The second principle speaks to worker classification. The contract and the non-compete suggest a level of control exercised by an employer over an employee then the contract. Similarly, if the “independent contractor” is so integral to your company’s operations that a non-compete is the only effective means available to protect your legitimate business interests, then s/he is probably not engaged in an independent enterprise–and, once again is probably acting–and being treated by you– as an employee.In those cases, having your “independent contractor” sign an agreement including non-compete provisions puts you at serious risk of owing penalties, overtime pay, benefits, workers compensation premiums and contributions to the state unemployment insurance benefit funds.
Occasionally, however, a court will enforce restrictive covenants against independent contractors. Those cases however are few and far between and most often involved very specific circumstances that the court felt justified them–and will therefore, most likely, remain the exception rather than the rule. Let’s take a look at just two cases for fun. ( I know I really need to get out more.)

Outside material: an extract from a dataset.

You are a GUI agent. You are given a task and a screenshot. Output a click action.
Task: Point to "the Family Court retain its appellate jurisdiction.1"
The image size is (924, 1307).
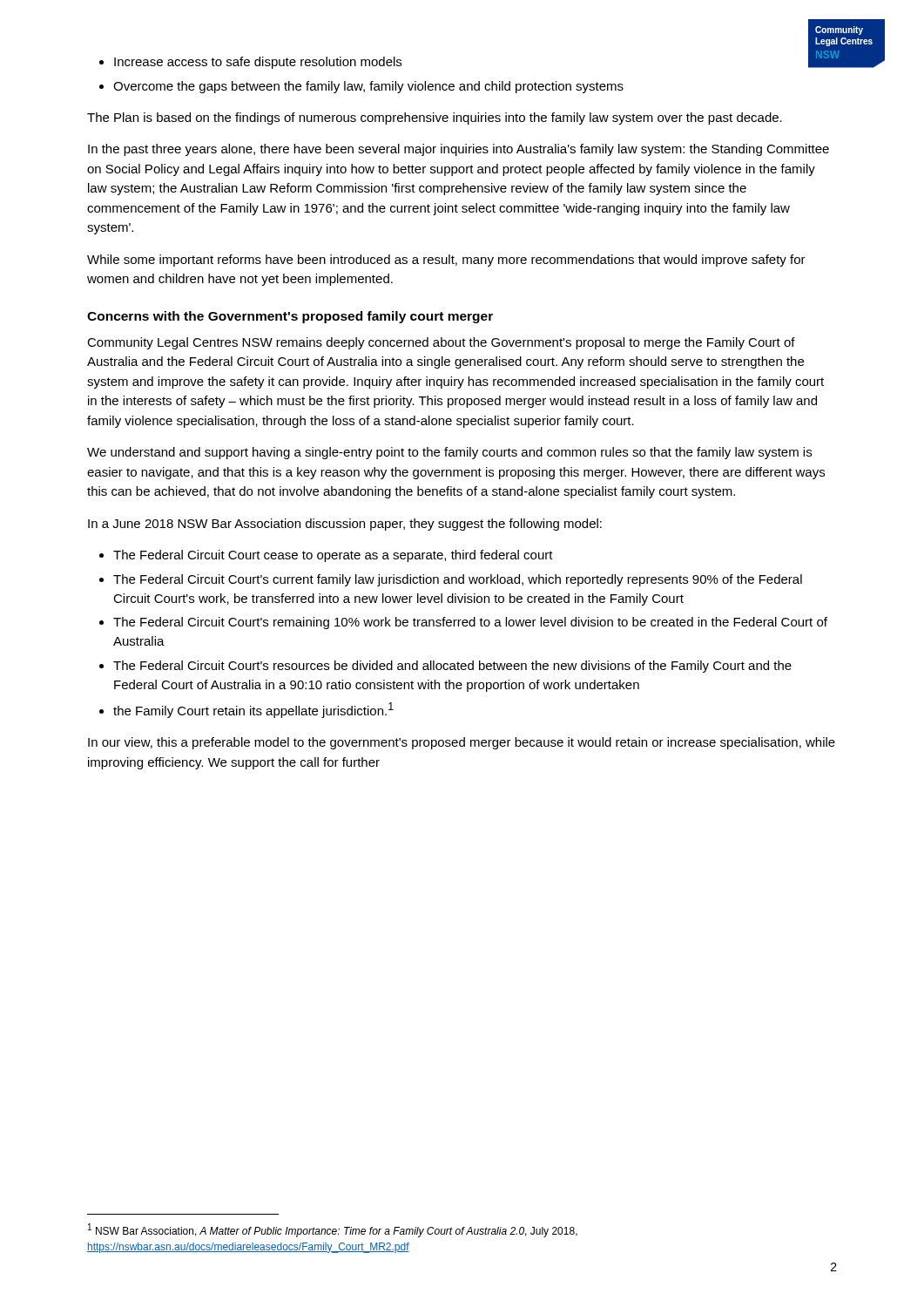253,710

In Metro Public Adjusters v Houck, a Pennsylvania case, Houck and another consultant signed an independent contractor agreement for new insurance adjusters that included a non-compete clause. The noncompete barred the former consultants from doing business in those states where Metro Public Adjusters did business for two years after termination of their business relationship. The problem is that the former consultants set up a competing company while they were still working with Metro Park Adjusters, and upon terminating the contract, sought to do business in those states where Metro Park Adjusters did business. The court also pointed out that the consultants had no prior public adjusting experience prior to their relationship with Metro Park Adjusters. They received training from Metro Park and used certain of Metro Park’s proprietary information to gain a an unfair competitive advantage.

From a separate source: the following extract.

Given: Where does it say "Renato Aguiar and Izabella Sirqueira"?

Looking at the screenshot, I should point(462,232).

Now, don’t get too excited about this ruling. The court also noted that the contractors worked exclusively for Metro Park Adjusters and followed Metro Park’s methods and instructions. In other words, the contractors, in all likelihood, were really misclassified employees; effectively the court was enforcing a noncompete against an employee. Furthermore, if Houck had counter sued and claimed misclassification, Metro Park Adjusters might well have been on the losing side.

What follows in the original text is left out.